3.2 Store & Forward — Production Implementation¶

This is the feature most teams skip and regret. A gateway without store-and-forward is not an industrial gateway. The architectural principle is simple: always write to local storage first, then forward. The gateway treats the outbox as the source of truth, not the MQTT connection. This means connectivity becoming available or unavailable is a background concern — the data pipeline never stalls or drops messages because of it. In regulated industries (pharma, utilities), the ability to reconstruct a complete time-series across a connectivity outage is not optional — it is an audit requirement. Size your buffer for the worst-case outage your site has historically experienced, not the average.

Failure scenario without S&F:
  Factory loses internet for 3 hours.
  1,000 sensors generating 10 readings/minute.
  = 1,800,000 readings lost.
  Process engineers cannot reconstruct what happened during the outage.
  Regulatory compliance failure if this is pharma or utilities.

Implementation using SQLite WAL mode:

  Schema:
  CREATE TABLE outbox (
    id          INTEGER PRIMARY KEY AUTOINCREMENT,
    topic       TEXT NOT NULL,
    payload     BLOB NOT NULL,
    qos         INTEGER DEFAULT 1,
    created_at  INTEGER NOT NULL,  -- Unix milliseconds
    attempts    INTEGER DEFAULT 0,
    sent_at     INTEGER            -- NULL until sent
  );
  CREATE INDEX idx_outbox_unsent ON outbox(sent_at) WHERE sent_at IS NULL;

  Write path (always write to outbox first):
    BEGIN IMMEDIATE;
    INSERT INTO outbox (topic, payload, qos, created_at) VALUES (?, ?, ?, ?);
    COMMIT;

  Send path (background worker):
    SELECT id, topic, payload FROM outbox
    WHERE sent_at IS NULL
    ORDER BY created_at ASC
    LIMIT 100;                     -- batch for efficiency

    On MQTT publish ACK:
      UPDATE outbox SET sent_at = ? WHERE id = ?;

    On failure:
      UPDATE outbox SET attempts = attempts + 1 WHERE id = ?;
      -- Backoff: min(30s * 2^attempts, 3600s)

  Retention policy (avoid disk full):
    DELETE FROM outbox
    WHERE sent_at IS NOT NULL
    AND sent_at < (unixepoch() - 86400) * 1000;  -- keep sent for 24h

    DELETE FROM outbox
    WHERE sent_at IS NULL
    AND created_at < (unixepoch() - 259200) * 1000;  -- drop unsent > 72h
    -- LOG this as a data loss event with count

  Buffer sizing:
    required_bytes = data_rate_bytes_per_sec × outage_duration_sec × 1.3
    e.g., 500 devices × 200 bytes/msg × 1 msg/sec × 259200s × 1.3 = ~33 GB
    Use appropriate hardware: industrial SSD, not SD card

3.3 Edge Deadbanding — Reduce Cloud Traffic by 60-80%¶

Raw polling sends data every cycle regardless of change.
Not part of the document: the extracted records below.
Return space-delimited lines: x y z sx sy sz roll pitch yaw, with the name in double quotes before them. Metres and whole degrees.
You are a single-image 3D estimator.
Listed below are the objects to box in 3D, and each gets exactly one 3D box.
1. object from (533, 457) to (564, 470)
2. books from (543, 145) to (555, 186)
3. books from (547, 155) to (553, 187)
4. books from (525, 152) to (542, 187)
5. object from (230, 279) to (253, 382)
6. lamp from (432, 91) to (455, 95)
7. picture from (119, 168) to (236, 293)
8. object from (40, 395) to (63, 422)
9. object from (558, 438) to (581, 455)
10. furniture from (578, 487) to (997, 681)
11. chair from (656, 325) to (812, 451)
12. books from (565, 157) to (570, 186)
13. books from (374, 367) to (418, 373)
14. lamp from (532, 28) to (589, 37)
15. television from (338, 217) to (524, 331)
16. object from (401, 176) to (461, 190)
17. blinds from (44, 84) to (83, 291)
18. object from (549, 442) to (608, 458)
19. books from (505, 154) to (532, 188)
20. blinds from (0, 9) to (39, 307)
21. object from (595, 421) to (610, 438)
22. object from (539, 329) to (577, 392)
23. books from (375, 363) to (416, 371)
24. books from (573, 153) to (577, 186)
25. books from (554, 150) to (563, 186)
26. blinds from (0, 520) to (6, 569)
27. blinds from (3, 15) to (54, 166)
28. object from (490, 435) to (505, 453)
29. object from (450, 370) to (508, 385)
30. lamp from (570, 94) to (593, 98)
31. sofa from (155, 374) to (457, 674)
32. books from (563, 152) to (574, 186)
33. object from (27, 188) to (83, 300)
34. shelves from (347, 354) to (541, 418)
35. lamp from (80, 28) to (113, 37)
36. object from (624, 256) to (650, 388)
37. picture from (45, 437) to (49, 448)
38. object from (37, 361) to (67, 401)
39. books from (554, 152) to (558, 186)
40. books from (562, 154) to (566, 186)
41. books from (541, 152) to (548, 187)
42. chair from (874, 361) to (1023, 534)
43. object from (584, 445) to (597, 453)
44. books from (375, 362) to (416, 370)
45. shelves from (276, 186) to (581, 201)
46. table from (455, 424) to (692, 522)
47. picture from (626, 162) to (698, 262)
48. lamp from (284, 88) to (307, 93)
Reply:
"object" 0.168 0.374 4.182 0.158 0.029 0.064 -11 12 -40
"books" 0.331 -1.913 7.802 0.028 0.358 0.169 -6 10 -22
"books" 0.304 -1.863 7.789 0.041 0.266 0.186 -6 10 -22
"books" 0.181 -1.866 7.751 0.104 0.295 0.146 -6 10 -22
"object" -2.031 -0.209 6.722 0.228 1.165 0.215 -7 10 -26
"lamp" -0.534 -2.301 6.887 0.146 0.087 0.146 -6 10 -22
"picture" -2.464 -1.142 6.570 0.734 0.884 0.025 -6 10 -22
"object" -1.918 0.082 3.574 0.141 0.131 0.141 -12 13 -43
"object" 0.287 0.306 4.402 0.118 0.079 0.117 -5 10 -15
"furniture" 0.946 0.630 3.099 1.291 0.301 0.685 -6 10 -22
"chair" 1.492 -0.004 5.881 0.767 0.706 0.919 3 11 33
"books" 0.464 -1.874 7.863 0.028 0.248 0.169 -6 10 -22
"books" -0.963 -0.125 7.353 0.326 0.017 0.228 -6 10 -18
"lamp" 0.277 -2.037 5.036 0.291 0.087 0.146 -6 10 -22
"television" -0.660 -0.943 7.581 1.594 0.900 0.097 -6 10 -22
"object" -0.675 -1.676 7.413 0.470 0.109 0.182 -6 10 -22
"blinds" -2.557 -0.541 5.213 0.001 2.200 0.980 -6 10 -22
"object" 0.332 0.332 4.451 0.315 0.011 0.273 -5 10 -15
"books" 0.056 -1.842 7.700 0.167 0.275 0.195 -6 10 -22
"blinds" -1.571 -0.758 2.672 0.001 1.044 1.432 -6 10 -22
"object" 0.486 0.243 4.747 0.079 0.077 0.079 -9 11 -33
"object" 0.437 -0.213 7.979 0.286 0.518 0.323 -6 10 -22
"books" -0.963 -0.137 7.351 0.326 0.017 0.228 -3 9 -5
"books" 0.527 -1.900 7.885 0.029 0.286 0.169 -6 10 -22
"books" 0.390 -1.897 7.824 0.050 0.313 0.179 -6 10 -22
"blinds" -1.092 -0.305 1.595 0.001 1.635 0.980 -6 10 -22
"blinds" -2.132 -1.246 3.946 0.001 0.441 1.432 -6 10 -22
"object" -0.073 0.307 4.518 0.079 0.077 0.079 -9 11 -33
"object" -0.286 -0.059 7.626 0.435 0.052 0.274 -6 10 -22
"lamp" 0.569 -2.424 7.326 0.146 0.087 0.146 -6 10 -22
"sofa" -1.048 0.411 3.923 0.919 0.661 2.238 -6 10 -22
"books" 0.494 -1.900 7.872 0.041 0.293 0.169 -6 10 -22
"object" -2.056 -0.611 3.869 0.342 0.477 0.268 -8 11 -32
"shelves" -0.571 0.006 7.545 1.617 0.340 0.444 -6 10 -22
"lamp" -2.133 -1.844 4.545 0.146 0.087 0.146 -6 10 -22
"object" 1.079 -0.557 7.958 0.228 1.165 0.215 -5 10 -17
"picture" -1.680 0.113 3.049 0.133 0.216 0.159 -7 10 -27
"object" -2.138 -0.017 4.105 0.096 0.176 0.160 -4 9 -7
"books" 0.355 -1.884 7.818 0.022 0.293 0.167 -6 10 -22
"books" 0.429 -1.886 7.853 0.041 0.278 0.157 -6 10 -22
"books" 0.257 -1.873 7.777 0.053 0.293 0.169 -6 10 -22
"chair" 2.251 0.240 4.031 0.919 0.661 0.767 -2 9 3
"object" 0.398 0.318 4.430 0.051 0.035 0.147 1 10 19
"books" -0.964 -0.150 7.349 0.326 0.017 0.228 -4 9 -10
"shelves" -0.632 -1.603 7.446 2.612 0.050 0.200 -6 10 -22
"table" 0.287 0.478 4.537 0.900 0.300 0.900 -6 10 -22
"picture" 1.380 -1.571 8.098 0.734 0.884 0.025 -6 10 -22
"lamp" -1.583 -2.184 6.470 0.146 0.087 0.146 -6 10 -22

Deadband filtering is essential at scale.

class DeadbandFilter:
    """
    Only forward a value if it has changed by more than the deadband threshold
    or the max_interval has elapsed (ensures liveness even in stable processes).
    """
    def __init__(self, deadband_pct: float, max_interval_s: float = 60.0):
        self.deadband_pct = deadband_pct  # e.g., 0.5 = 0.5% of engineering range
        self.max_interval_s = max_interval_s
        self._last_sent: dict[str, tuple[float, float]] = {}  # tag -> (value, timestamp)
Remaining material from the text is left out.